The committee was constituted in the aftermath of the abduction and rape of a woman actor in February 2017, in which Dileep – a Malayalam film star – is accused of having conspired and paid prime accused Sunil Kumar alias ‘Pulsar’ Suni to sexually assault the woman actor. The assault was filmed.
Even as the heinous crime became the focal point of public discourse on abuse and gender discrimination within the film industry, individual women working in the industry have had to speak up, also because the Hema Committee has been refusing to publish its findings.
In January 2022, the survivor of the 2017 case issued a statement on Instagram. She wrote, “This has not been an easy journey. The journey from being a victim to becoming a survivor. For 5 years now, my name and identity have been suppressed under the weight of the assault inflicted on me."
From the scores of actors and technicians who deposed before the committee, its three members had also collected proof to support the allegations. While a majority of the complaints were about gender discrimination and unbearable work atmosphere within the industry, there were also those who reported sexual harassment.
Should Women Actors Not Get a Toilet?
Many women professionals in the industry, including Gopinath, deposed before the committee between 2018 and 2019.
Despite several appeals from the Women in Cinema Collective, even the state government has not showed any signs of implementing the recommendations.
Justice Hema told the media in January this year that individuals who had deposed before the committee can make their experiences public if they want to.
Gopinath explained what women have been facing in the industry: “I remember an instance when a woman actor was stopped from using the caravan of a star. She wanted to use the toilet in the caravan. This, when supporting actors were forced to go to a distant place, a private house, to relieve themselves.” The actor did not want to reveal the location of the incident.

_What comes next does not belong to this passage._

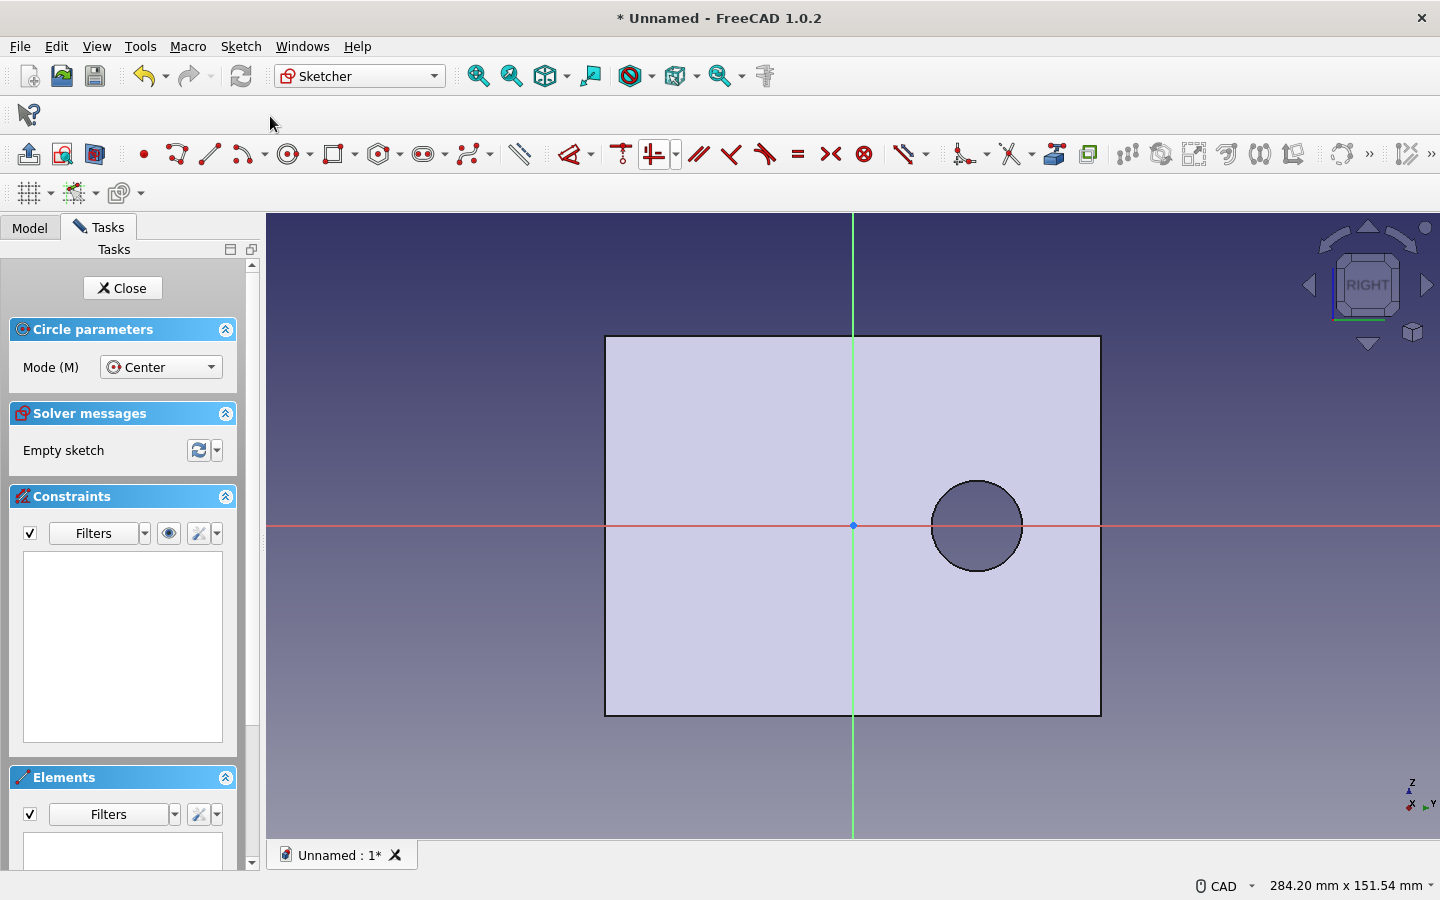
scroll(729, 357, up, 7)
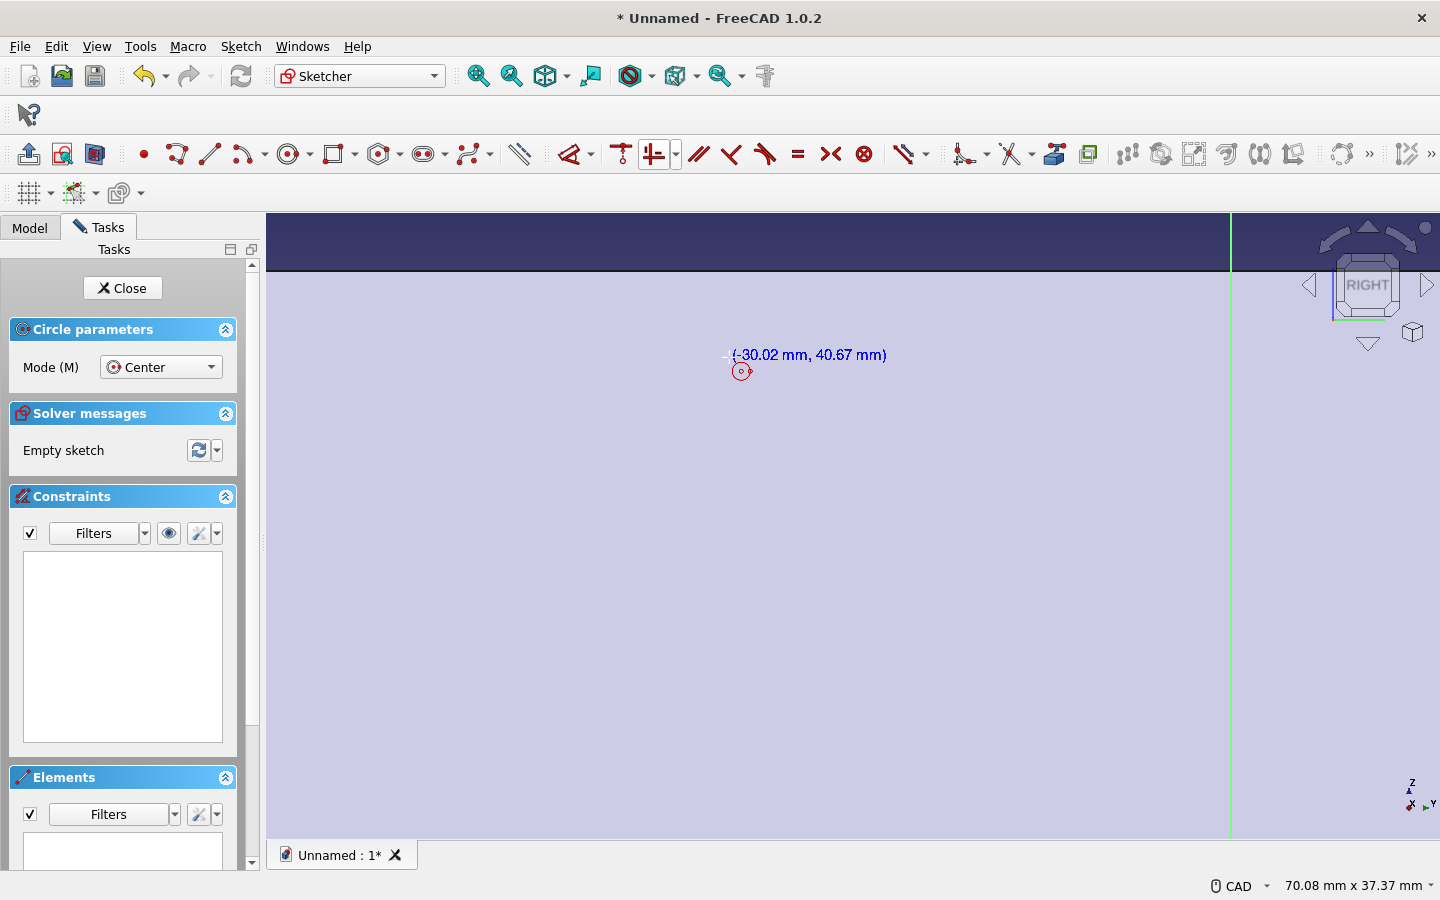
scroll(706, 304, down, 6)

There should be at least 10 toilets available for women actors on each set, she added.
No Legal Aid, No Place To Sleep
The Women in Cinema Collective was constituted after some women stars in the industry broke away from the Association of Malayalam Movie Artists (AMMA), accusing the body of discrimination. Since 2019, the collective has been asking the state government to make the recommendations of the committee public.
But what struggles – of women actors and technicians – have not yet seen the light of the day due to the committee’s silence?
Gopinath revealed why she approached the commission in the first place. “I deposed before the commission because I neither had the mental strength nor the financial means to go through the legal process, in connection with my #MeToo complaint,” she said.
Ironically, she was speaking to The Quint on 21 January, at a time when actor Dileep, aided by his lawyers, had approached the Kerala High Court to get anticipatory bail in a conspiracy to murder case that is connected to the actor assault case.
After the recent revelations of a former friend, director Balachandra Kumar, Dileep is now accused of having conspired to murder the investigating officers of the 2017 actor assault case.
Gopinath spoke of a woman actor, “I told the commission that a woman actor was not given a safe place to sleep while she was working on a film." The actor was first given the director's room. While the director moved out, he kept returning to the room for 'small talk'. "The woman actor finally had to sleep in a common area,” she stated.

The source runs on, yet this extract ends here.